White Bird in a Blizzard (2014)


“I was 17 when my mother disappeared.”

White Bird in a Blizzard is a stoplight. In the triad of colors, the movie visually and narratively falls in the tawny, yellow hued middle. But despite its warm display, this is a hoary tale of abandonment, new found sexuality, and closeted secrets destined to be uncovered. It’s definitely strange and obscure and honestly most people will probably dislike it. However, if you squint your eyes and purse your lips hard enough, you find an incredibly tense and swirling thriller about the search for a mother while she is both present and missing. In the realm of recent teenage dramas, White Bird in a Blizzard reigns supreme.

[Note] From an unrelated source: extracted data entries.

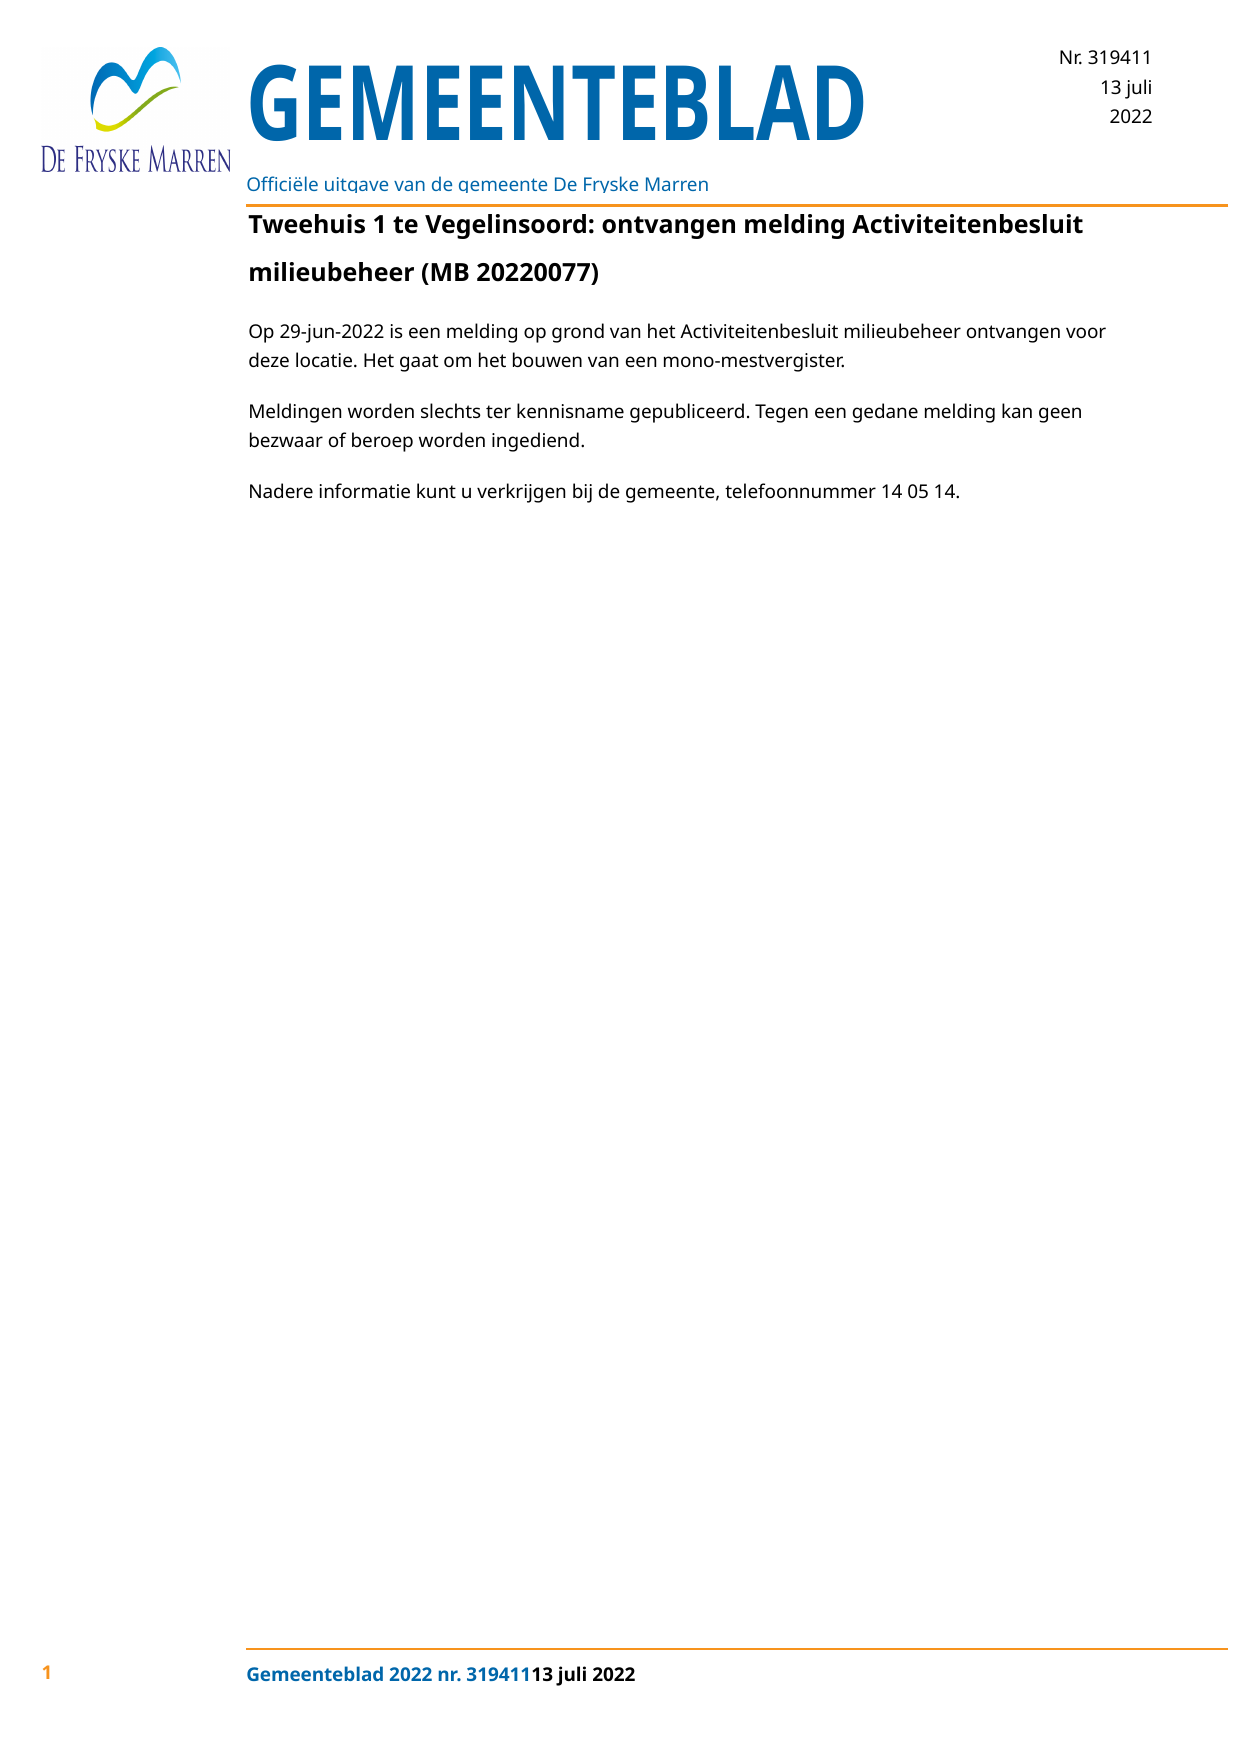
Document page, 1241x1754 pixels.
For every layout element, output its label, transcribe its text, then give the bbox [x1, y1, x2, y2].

text Tweehuis 1 te Vegelinsoord: ontvangen melding Activiteitenbesluit milieubeheer (MB 20220077) [248, 207, 1152, 288]
text Op 29-jun-2022 is een melding op grond van het Activiteitenbesluit milieubeheer ontvangen voor deze locatie. Het gaat om het bouwen van een mono-mestvergister. [248, 318, 1152, 373]
text Nadere informatie kunt u verkrijgen bij de gemeente, telefoonnummer 14 05 14. [248, 478, 1152, 504]
picture [41, 47, 231, 172]
text Meldingen worden slechts ter kennisname gepubliceerd. Tegen een gedane melding kan geen bezwaar of beroep worden ingediend. [248, 398, 1152, 453]

This heady thriller is never a freeway, instead opting to be a roundabout story of characters that collectively surround Kat Connor (Shailene Woodley). She’s every young man’s best nightmare. The type of beauty who can willingly seduce you and just as easily make you endlessly chase. Self-awareness separates her from her peers. She doesn’t need a personality test or a guidance counselor to help point her life’s compass in the right direction. Kat’s a strong young woman until her rapidly unsettling mother leaves the picture for good. Until the blizzard’s winds blur her sight.


Kat’s father Brock (Christopher Meloni) is concerned and disconnected, a bottled up spirit who more often than not just sails along an unearthly sea of boredom. He’s also the source of maddening frustration for his wife Eve (Eva Green). We always sense something about her is remiss, that she mistakenly bought into the cozy, sheltered housewife lifestyle that no longer suits her. While she appears unstable, the film deftly hints that she hasn’t always been so. Her mental disintegration was caused by something else. Once she’s gone, you wonder what that something could have been.

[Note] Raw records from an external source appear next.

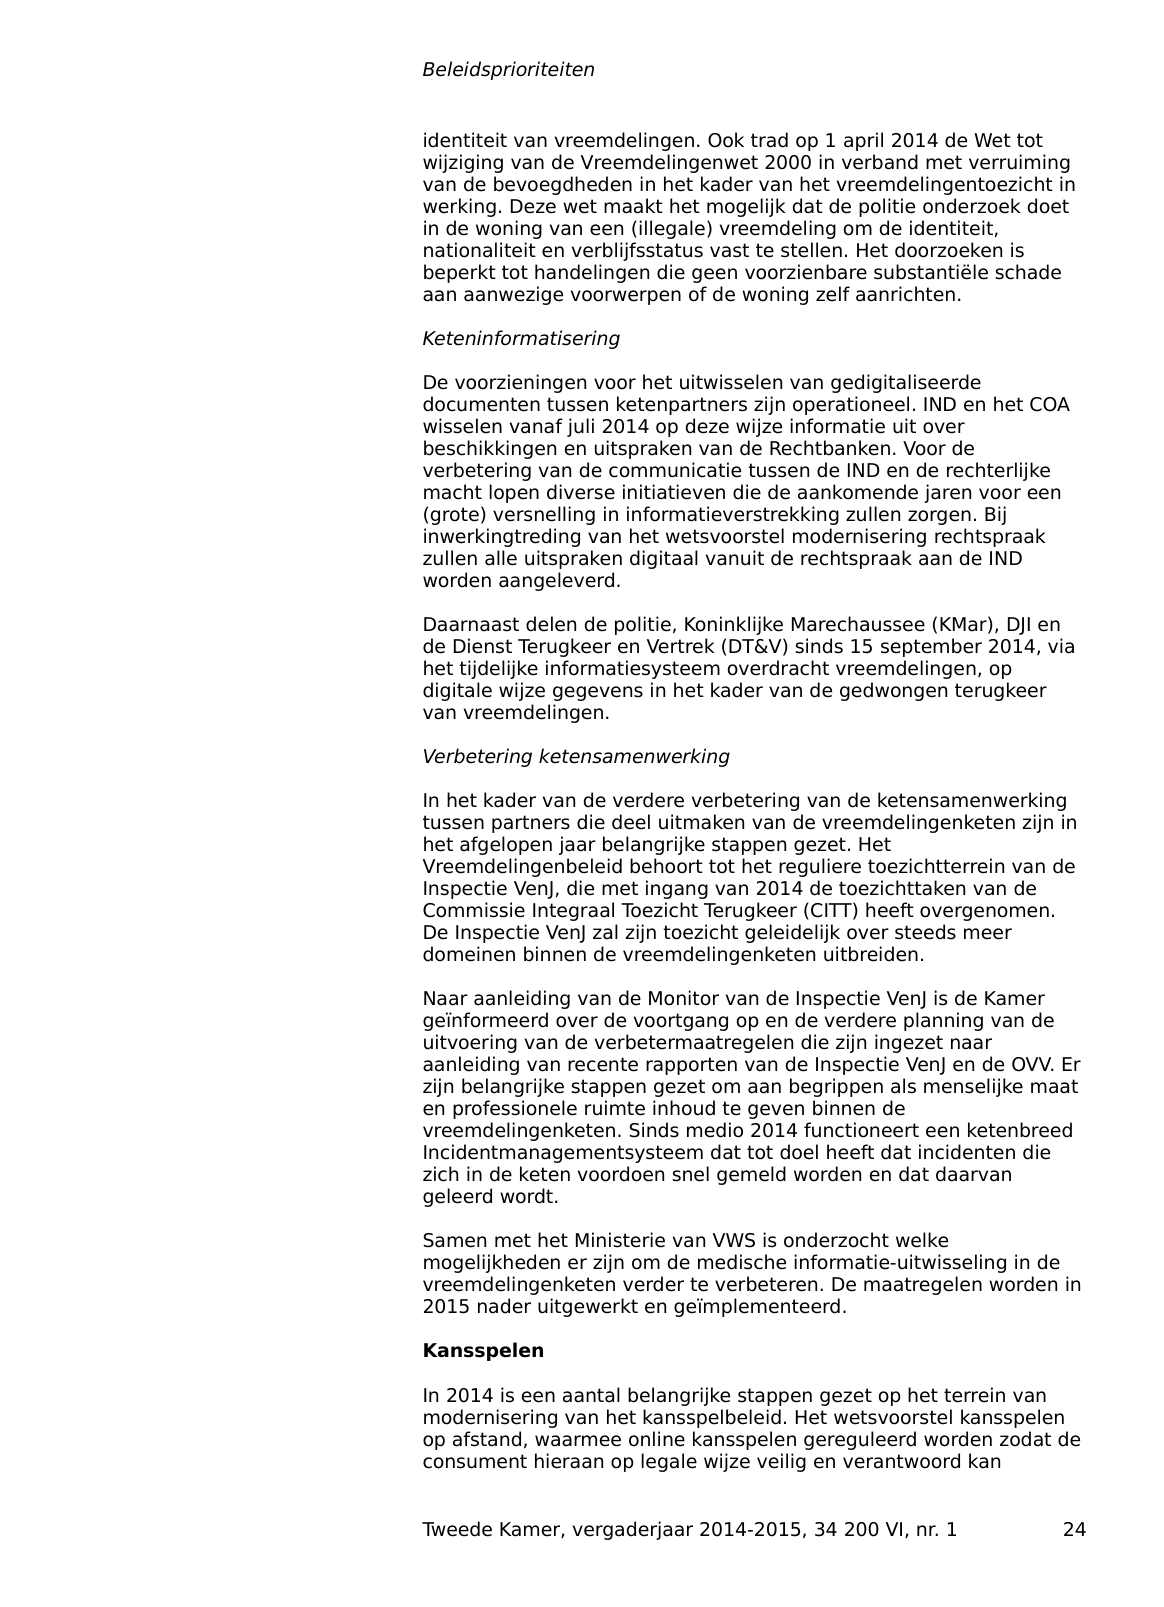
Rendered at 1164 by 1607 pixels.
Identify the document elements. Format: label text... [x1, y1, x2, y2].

subtitle Keteninformatisering [422, 328, 1087, 350]
text De voorzieningen voor het uitwisselen van gedigitaliseerde documenten tussen ketenpartners zijn operationeel. IND en het COA wisselen vanaf juli 2014 op deze wijze informatie uit over beschikkingen en uitspraken van de Rechtbanken. Voor de verbetering van de communicatie tussen de IND en de rechterlijke macht lopen diverse initiatieven die de aankomende jaren voor een (grote) versnelling in informatieverstrekking zullen zorgen. Bij inwerkingtreding van het wetsvoorstel modernisering rechtspraak zullen alle uitspraken digitaal vanuit de rechtspraak aan de IND worden aangeleverd. [422, 372, 1087, 592]
text Samen met het Ministerie van VWS is onderzocht welke mogelijkheden er zijn om de medische informatie-uitwisseling in de vreemdelingenketen verder te verbeteren. De maatregelen worden in 2015 nader uitgewerkt en geïmplementeerd. [422, 1230, 1087, 1318]
text In 2014 is een aantal belangrijke stappen gezet op het terrein van modernisering van het kansspelbeleid. Het wetsvoorstel kansspelen op afstand, waarmee online kansspelen gereguleerd worden zodat de consument hieraan op legale wijze veilig en verantwoord kan [422, 1384, 1087, 1472]
text Naar aanleiding van de Monitor van de Inspectie VenJ is de Kamer geïnformeerd over de voortgang op en de verdere planning van de uitvoering van de verbetermaatregelen die zijn ingezet naar aanleiding van recente rapporten van de Inspectie VenJ en de OVV. Er zijn belangrijke stappen gezet om aan begrippen als menselijke maat en professionele ruimte inhoud te geven binnen de vreemdelingenketen. Sinds medio 2014 functioneert een ketenbreed Incidentmanagementsysteem dat tot doel heeft dat incidenten die zich in de keten voordoen snel gemeld worden en dat daarvan geleerd wordt. [422, 988, 1087, 1208]
subtitle Kansspelen [422, 1340, 1087, 1362]
text Daarnaast delen de politie, Koninklijke Marechaussee (KMar), DJI en de Dienst Terugkeer en Vertrek (DT&V) sinds 15 september 2014, via het tijdelijke informatiesysteem overdracht vreemdelingen, op digitale wijze gegevens in het kader van de gedwongen terugkeer van vreemdelingen. [422, 614, 1087, 724]
text identiteit van vreemdelingen. Ook trad op 1 april 2014 de Wet tot wijziging van de Vreemdelingenwet 2000 in verband met verruiming van de bevoegdheden in het kader van het vreemdelingentoezicht in werking. Deze wet maakt het mogelijk dat de politie onderzoek doet in de woning van een (illegale) vreemdeling om de identiteit, nationaliteit en verblijfsstatus vast te stellen. Het doorzoeken is beperkt tot handelingen die geen voorzienbare substantiële schade aan aanwezige voorwerpen of de woning zelf aanrichten. [422, 130, 1087, 306]
text In het kader van de verdere verbetering van de ketensamenwerking tussen partners die deel uitmaken van de vreemdelingenketen zijn in het afgelopen jaar belangrijke stappen gezet. Het Vreemdelingenbeleid behoort tot het reguliere toezichtterrein van de Inspectie VenJ, die met ingang van 2014 de toezichttaken van de Commissie Integraal Toezicht Terugkeer (CITT) heeft overgenomen. De Inspectie VenJ zal zijn toezicht geleidelijk over steeds meer domeinen binnen de vreemdelingenketen uitbreiden. [422, 790, 1087, 966]
subtitle Verbetering ketensamenwerking [422, 746, 1087, 768]

Spanning 1988 to 1991, the movie is a Nancy Drew mystery with a protagonist who freelances as a harlot. Kat’s never overtly slutty, but more interested in experimentation. Her boyfriend Phil (Shiloh Fernandez), the boy next door who always botches catchphrases, fails to satisfy her sex drive. So she seduces Detective Scieziesciez (Thomas Jane), the man working her mother’s missing person’s case. The atypical journey she takes towards self-discovery is the heartbeat and the pulse of the film. She goes away to college, her dad begins dating again. But even after years have passed, as both have come to terms and moved on, stowed away secrets are given new life.

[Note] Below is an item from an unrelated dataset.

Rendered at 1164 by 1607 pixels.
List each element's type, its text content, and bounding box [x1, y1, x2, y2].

This is one of the better movies I’ve seen this year, but the back and forth cuts between different scenes are poorly done. In a 90 minute film, it’s imperative that every single part, every technical aspect and decision has significance. Director Gregg Araki fails to do so, even if it does appear to be a purposeful directing choice. It challenges the parameters of the genre, and by doing so never establishes a clear tone for the film. Some of it’s funny, equals parts unnerving, and at times carries a digressive vagueness. That’s the only fault on an otherwise well crafted film. It’s visuals sweep you up and the direct, perverse narration by Kat is a thing of poetic beauty. The dialogue is great, but pay attention to her unique lexicon while voicing the movie. It’s a standout example of how the storytelling device can enhance a film.


Everyone brings their A game to the screen. Thomas Jane plays the rugged cop spot on and Meloni is finally given the kind of material he deserves as an actor. Eva Green floored me as the unhinged and deranged wife / mother. Since her character goes missing, she doesn’t get as much to work with, but still manages to spellbind you when she graces the screen. And Shailene Woodley, as we’ve come to expect, is outstanding in an emotionally and physically revealing role. A lot of times movies bring up questions and never bother to provide an answer. This doesn’t, and I promise the ending will blow you away. White Bird in a Blizzard is powerful storytelling.

“The beautiful woman she once was became nothing more than a phantom, wandering away in a snow storm.”